“We urge the Government to retain its moratorium on the use of the death penalty in all circumstances, particularly in cases that involve juvenile offenders and to work towards abolishing the practice altogether,” said Ravina Shamdasani, spokesperson for the Office of the High Commissioner for Human Rights (OHCHR).
“We equally encourage the Government to repeal the new regulations and other provisions that provide for the death penalty,” she told reporters in Geneva.
Adopted on 27 April, the new regulation provides for the use of the death penalty for the offence of intentional murder, including when committed by individuals under the age of 18. The age of criminal responsibility in the Maldives is 10, but for haddoffences, children as young as 7 years old can be held responsible. Haddoffences include theft, fornication, adultery, consumption of alcohol, and apostasy.
Shamdasani noted that the new regulation means that children as young as 7 can now be sentenced to death.

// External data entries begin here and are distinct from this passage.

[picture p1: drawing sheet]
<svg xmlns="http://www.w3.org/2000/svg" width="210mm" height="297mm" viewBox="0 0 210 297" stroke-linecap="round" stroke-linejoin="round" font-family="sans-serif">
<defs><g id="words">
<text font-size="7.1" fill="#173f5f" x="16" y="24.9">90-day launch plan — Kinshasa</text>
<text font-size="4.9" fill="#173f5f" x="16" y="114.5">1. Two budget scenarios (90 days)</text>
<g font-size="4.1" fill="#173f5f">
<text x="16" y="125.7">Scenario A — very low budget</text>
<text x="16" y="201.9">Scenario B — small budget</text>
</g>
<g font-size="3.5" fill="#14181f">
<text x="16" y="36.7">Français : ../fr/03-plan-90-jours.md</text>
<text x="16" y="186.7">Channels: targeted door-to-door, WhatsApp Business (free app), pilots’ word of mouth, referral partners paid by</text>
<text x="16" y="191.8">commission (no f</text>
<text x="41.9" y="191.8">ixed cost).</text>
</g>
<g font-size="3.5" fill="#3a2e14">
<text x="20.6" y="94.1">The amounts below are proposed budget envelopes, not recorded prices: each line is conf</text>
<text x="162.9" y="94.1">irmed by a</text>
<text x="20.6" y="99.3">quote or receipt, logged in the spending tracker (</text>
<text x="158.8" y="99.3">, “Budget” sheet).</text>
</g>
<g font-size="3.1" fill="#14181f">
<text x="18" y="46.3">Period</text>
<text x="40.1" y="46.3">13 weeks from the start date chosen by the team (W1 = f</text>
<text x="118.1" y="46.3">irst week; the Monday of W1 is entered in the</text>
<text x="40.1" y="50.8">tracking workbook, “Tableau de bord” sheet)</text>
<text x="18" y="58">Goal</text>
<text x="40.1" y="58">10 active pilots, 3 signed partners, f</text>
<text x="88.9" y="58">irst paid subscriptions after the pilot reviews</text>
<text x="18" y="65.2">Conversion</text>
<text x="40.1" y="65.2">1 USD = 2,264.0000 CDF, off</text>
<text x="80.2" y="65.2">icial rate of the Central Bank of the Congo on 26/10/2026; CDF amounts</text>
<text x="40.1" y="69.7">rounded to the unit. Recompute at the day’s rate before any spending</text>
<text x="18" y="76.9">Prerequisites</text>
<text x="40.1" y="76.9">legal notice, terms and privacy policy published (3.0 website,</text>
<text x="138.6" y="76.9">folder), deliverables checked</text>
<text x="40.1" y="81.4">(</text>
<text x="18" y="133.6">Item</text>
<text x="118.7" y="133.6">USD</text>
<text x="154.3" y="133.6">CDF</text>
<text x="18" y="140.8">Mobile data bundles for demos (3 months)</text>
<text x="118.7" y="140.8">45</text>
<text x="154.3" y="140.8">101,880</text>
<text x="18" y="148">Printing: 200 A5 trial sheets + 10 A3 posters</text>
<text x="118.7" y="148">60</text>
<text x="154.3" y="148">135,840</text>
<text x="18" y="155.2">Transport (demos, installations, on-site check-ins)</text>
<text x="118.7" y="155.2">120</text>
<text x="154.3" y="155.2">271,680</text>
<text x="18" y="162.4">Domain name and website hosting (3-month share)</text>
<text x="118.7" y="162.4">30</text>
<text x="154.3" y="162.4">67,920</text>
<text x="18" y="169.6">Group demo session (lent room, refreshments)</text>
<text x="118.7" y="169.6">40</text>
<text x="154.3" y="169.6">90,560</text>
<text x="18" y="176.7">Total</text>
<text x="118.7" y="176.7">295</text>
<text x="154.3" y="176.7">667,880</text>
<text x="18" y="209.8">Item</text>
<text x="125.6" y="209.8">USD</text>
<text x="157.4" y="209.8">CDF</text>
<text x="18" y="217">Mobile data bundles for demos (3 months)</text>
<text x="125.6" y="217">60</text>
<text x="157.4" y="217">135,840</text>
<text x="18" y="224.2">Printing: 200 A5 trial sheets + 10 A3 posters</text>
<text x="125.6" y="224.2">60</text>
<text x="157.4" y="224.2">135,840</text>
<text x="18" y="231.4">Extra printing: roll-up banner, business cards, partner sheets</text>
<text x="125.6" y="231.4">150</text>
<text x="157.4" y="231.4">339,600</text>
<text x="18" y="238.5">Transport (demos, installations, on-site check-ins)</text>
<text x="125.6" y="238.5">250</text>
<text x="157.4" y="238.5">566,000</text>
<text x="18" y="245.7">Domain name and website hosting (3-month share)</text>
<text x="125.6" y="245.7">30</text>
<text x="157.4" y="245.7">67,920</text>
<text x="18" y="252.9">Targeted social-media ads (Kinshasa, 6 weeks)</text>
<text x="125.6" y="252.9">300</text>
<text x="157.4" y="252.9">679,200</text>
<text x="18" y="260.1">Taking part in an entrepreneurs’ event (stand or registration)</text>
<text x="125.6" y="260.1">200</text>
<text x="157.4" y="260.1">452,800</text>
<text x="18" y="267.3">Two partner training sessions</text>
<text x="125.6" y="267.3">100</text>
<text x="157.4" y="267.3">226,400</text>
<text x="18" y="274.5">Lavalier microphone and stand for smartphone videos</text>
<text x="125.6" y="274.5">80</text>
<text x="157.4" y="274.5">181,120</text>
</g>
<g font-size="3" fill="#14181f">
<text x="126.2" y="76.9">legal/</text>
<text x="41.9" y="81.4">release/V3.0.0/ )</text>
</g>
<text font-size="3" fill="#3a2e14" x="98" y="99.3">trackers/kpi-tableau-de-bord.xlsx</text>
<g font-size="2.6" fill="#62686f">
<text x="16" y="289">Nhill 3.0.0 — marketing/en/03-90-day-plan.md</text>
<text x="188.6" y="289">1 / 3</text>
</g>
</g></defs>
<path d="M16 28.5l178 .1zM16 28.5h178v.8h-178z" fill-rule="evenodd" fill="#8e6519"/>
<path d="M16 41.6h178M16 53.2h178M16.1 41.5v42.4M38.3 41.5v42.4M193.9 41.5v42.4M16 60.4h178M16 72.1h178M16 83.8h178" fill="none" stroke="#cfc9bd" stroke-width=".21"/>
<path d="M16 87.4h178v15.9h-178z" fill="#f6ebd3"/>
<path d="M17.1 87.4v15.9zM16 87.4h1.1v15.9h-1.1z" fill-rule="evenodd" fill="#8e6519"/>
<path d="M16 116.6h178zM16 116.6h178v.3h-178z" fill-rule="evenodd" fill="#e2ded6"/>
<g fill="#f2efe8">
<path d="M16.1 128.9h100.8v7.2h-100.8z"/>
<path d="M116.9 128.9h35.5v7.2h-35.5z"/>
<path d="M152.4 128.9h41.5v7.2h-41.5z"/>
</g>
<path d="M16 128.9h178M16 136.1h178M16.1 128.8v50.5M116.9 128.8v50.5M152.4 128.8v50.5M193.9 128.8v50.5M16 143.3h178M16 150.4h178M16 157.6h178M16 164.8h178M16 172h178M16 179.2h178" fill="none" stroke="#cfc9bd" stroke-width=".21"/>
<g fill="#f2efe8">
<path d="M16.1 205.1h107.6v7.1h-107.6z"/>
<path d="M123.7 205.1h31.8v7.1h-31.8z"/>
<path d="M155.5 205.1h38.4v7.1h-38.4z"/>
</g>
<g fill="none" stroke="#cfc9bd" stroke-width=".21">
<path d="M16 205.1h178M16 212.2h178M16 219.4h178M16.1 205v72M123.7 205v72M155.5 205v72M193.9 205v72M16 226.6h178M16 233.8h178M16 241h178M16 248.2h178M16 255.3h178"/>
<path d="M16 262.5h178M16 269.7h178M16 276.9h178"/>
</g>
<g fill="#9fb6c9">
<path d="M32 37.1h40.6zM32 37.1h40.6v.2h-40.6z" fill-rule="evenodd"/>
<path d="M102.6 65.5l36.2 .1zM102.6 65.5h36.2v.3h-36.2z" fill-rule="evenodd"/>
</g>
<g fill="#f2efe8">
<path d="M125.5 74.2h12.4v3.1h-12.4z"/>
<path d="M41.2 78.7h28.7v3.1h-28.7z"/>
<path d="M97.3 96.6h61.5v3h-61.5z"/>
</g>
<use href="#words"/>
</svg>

“According to the new regulation, minors convicted of intentional murder shall be executed once they turn 18. Similar provisions in the recently ratified Penal Code, allowing for the application of the death penalty for crimes committed when belowthe age of 18, are also deeply regrettable,” she said.
Under international law, those who are charged and convicted for offences they have committed while they were under 18 years of age should not be sentenced to death or life imprisonment without possibility of release, the spokesperson added.
Further, international human rights treaties, particularly the Convention on the Rights of the Child and the International Covenant on Civil and Political Rights, which Maldives has ratified, impose an absolute ban on the death sentence against persons below the age of 18 at the time when the offence was committed.